# Task directions
Could you write out the lines below exactly, beginning with the first and finishing with the one that contains "8. scissors half (385, 101, 414, 135)"?

[Provided data]

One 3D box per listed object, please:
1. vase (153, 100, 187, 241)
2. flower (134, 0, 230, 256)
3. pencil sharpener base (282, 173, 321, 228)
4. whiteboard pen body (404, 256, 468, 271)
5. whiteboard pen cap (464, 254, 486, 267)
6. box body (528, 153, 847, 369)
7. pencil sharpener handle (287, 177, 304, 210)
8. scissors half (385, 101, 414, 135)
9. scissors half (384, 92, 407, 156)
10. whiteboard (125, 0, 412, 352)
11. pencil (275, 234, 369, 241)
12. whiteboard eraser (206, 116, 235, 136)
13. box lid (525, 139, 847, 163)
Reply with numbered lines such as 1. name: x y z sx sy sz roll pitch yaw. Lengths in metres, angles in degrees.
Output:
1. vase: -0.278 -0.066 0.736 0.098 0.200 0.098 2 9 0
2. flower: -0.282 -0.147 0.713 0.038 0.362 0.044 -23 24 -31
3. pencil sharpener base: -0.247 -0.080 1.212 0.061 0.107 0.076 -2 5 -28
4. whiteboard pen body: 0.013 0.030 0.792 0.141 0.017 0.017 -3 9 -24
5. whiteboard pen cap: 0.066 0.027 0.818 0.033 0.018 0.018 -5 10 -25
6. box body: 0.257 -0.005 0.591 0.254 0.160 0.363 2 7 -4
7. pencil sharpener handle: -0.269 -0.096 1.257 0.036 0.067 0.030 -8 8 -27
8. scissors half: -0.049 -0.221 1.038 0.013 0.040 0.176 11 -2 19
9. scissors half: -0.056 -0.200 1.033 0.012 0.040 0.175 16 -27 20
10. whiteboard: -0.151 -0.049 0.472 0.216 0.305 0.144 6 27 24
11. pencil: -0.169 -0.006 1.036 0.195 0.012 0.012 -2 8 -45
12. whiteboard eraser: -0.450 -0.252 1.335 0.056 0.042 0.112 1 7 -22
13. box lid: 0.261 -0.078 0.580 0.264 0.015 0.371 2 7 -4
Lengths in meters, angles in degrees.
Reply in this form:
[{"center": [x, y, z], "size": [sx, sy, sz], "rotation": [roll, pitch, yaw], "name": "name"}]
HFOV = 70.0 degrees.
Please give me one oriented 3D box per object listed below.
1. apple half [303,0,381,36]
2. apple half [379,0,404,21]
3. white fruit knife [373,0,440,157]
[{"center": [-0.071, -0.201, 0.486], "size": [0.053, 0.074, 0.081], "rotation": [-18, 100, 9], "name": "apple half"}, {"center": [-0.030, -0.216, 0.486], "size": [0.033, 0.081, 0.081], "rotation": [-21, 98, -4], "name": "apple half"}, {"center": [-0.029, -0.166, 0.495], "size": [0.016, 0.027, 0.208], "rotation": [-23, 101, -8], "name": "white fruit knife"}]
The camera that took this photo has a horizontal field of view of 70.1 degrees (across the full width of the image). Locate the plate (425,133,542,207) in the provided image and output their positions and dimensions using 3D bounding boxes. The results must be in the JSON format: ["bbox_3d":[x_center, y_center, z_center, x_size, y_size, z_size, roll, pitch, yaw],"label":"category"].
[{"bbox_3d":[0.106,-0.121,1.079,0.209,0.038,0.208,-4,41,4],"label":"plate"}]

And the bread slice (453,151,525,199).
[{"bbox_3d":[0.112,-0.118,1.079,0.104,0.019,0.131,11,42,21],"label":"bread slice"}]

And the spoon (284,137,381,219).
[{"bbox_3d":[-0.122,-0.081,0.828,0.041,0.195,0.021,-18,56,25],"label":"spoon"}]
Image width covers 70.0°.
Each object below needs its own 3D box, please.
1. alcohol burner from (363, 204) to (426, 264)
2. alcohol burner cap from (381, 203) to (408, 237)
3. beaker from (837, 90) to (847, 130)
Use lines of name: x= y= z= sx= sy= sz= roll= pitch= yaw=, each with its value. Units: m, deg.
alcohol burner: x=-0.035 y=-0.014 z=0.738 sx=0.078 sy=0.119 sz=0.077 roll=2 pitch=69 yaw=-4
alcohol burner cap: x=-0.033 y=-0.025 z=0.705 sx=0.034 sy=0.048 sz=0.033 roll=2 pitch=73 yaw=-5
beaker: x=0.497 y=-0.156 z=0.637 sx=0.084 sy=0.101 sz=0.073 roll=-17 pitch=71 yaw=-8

[/Provided data]

# Answer section
One 3D box per listed object, please:
1. vase (153, 100, 187, 241)
2. flower (134, 0, 230, 256)
3. pencil sharpener base (282, 173, 321, 228)
4. whiteboard pen body (404, 256, 468, 271)
5. whiteboard pen cap (464, 254, 486, 267)
6. box body (528, 153, 847, 369)
7. pencil sharpener handle (287, 177, 304, 210)
8. scissors half (385, 101, 414, 135)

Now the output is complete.